◆ Task directions ◆
Include the line containing "Given: Click on" and every line after it up to the end of the material below; reproduce them exactly and drop the pictures.

◆ Task input ◆
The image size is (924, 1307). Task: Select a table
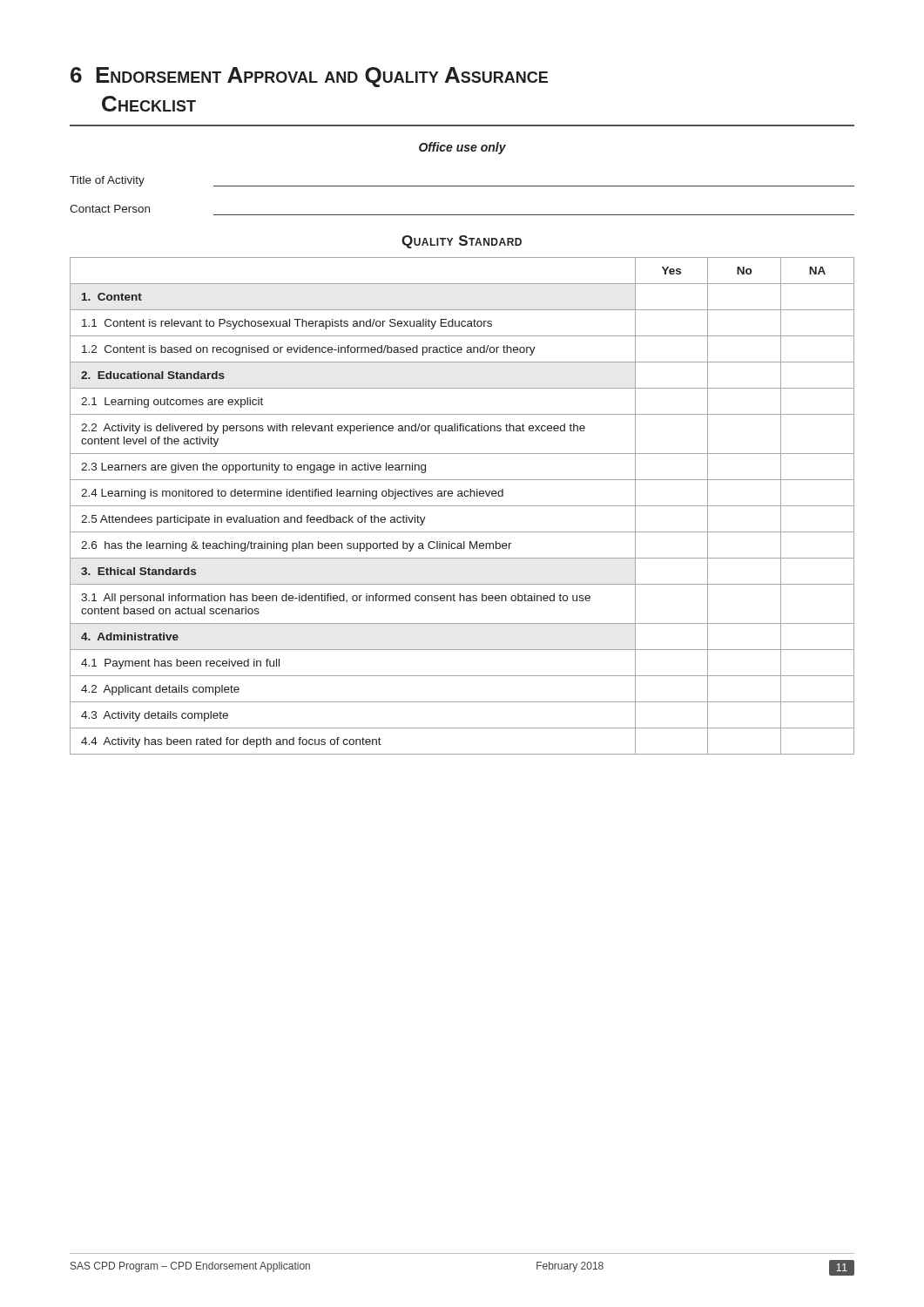click(x=462, y=506)
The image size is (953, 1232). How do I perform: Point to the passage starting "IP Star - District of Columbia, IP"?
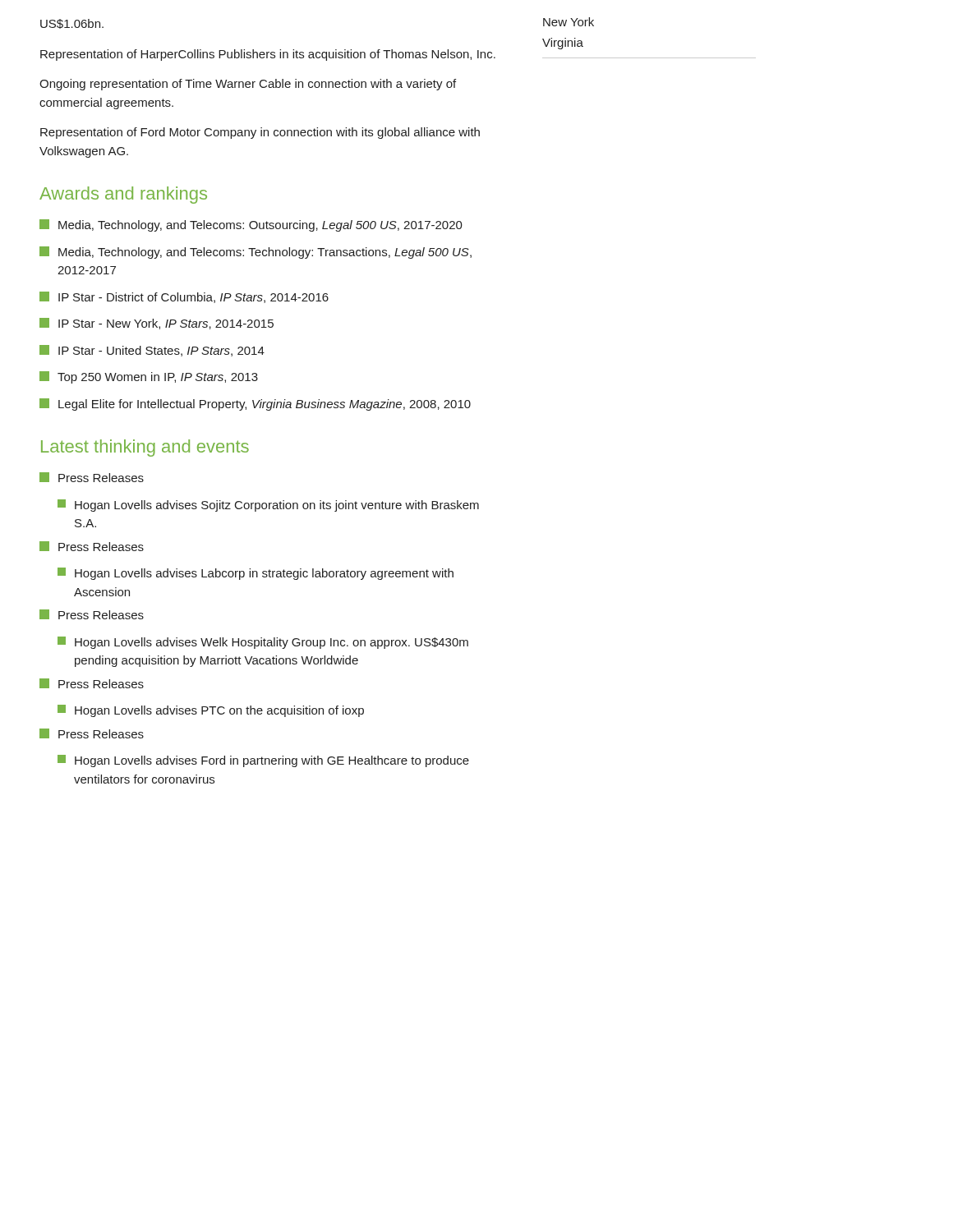pyautogui.click(x=184, y=297)
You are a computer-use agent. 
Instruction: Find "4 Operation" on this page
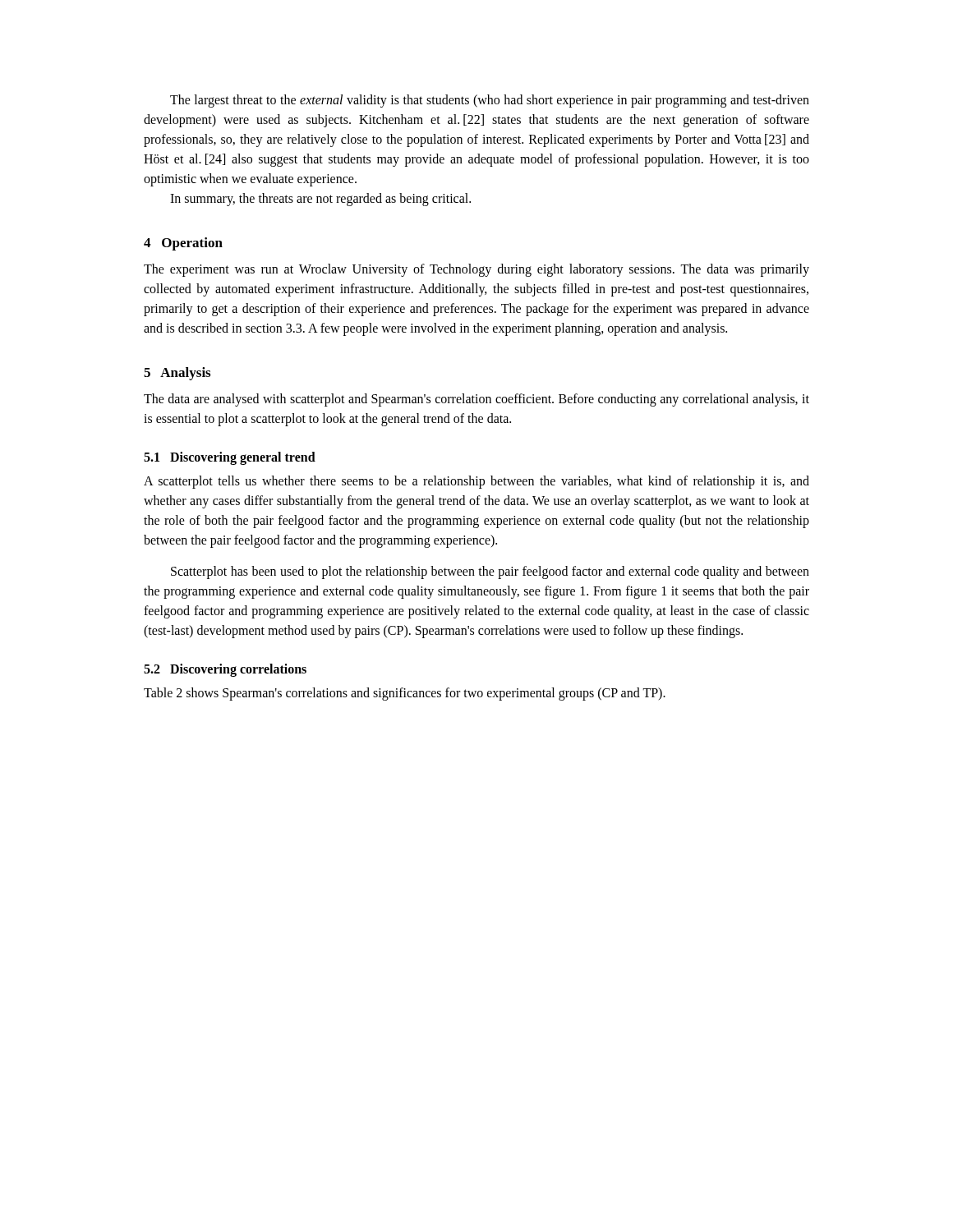pos(183,243)
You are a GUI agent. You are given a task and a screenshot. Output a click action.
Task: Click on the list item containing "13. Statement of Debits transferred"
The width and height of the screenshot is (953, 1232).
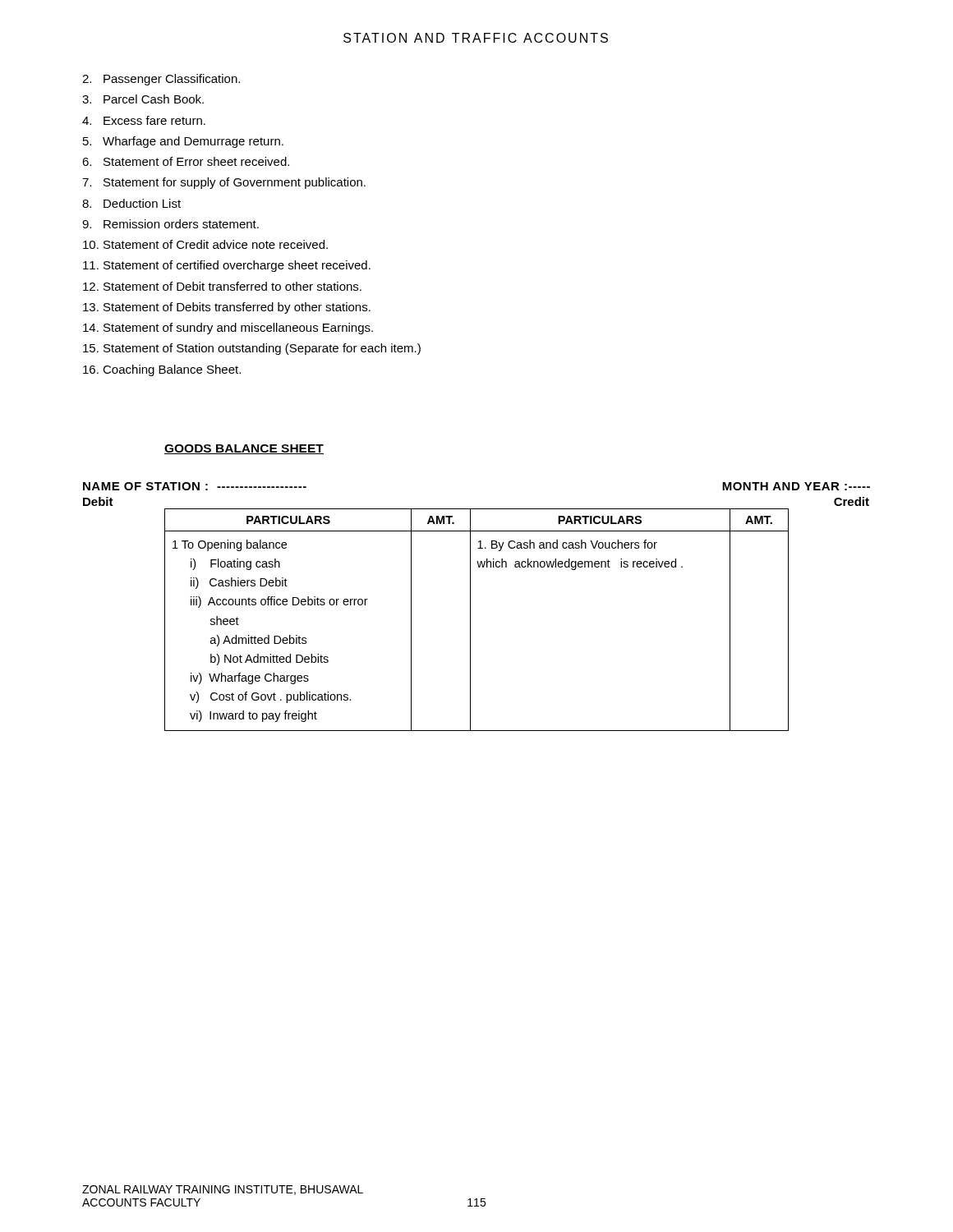(x=227, y=307)

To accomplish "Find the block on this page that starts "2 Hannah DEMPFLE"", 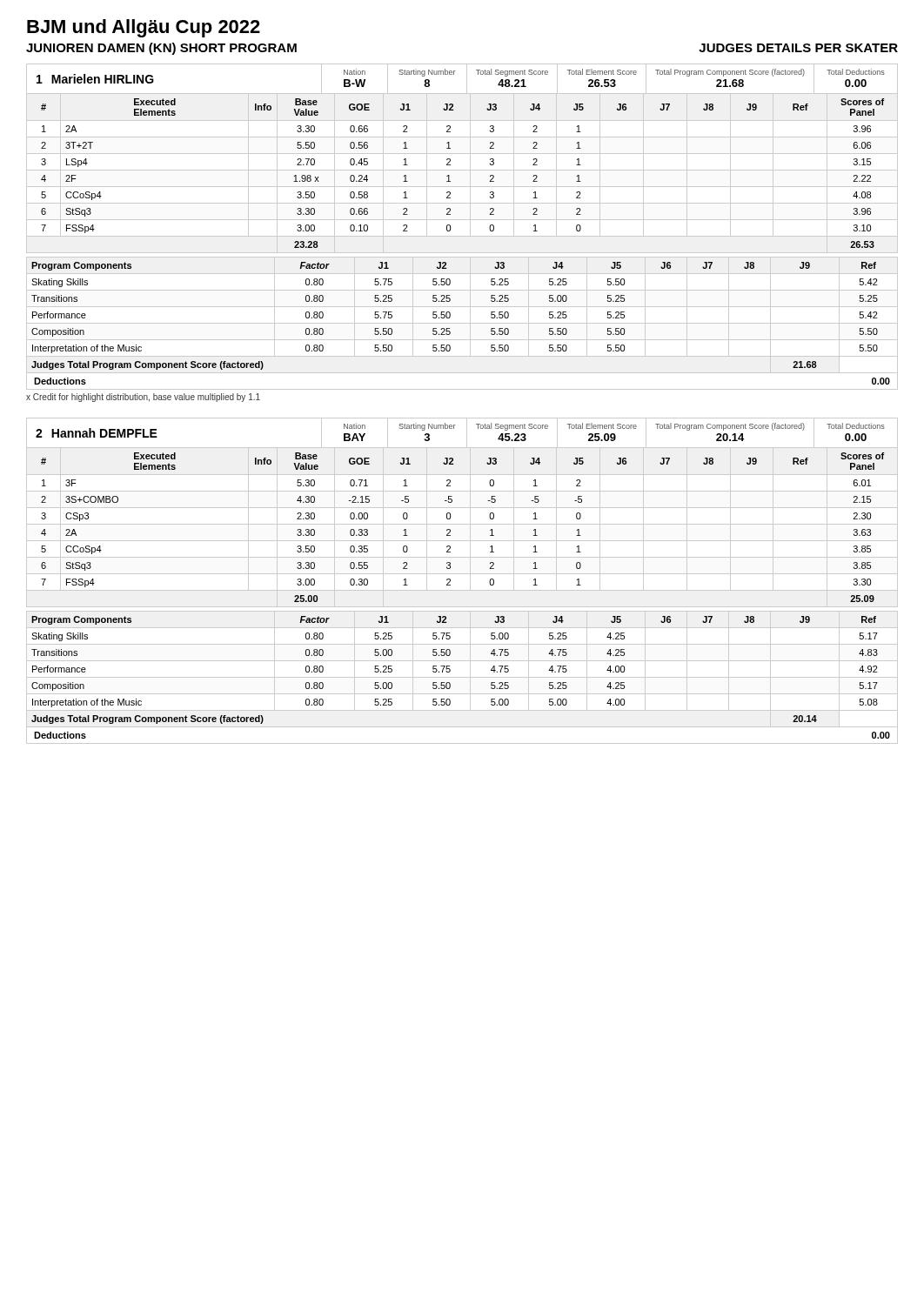I will [462, 433].
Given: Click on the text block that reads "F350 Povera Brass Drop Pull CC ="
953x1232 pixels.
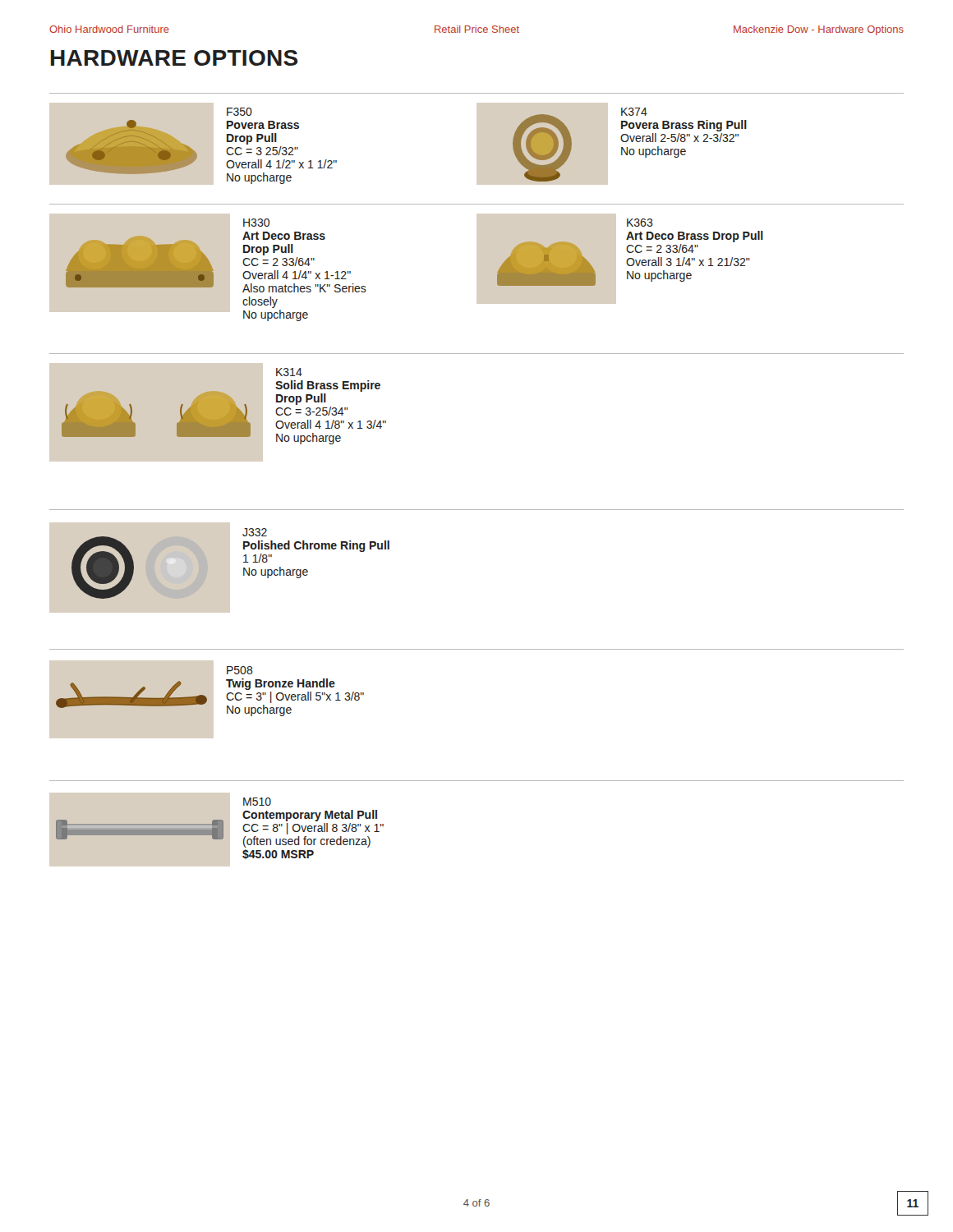Looking at the screenshot, I should point(282,145).

◆ Finished exercise ◆
Given: Click on the text block that reads "F350 Povera Brass Drop Pull CC ="
953x1232 pixels.
Looking at the screenshot, I should point(282,145).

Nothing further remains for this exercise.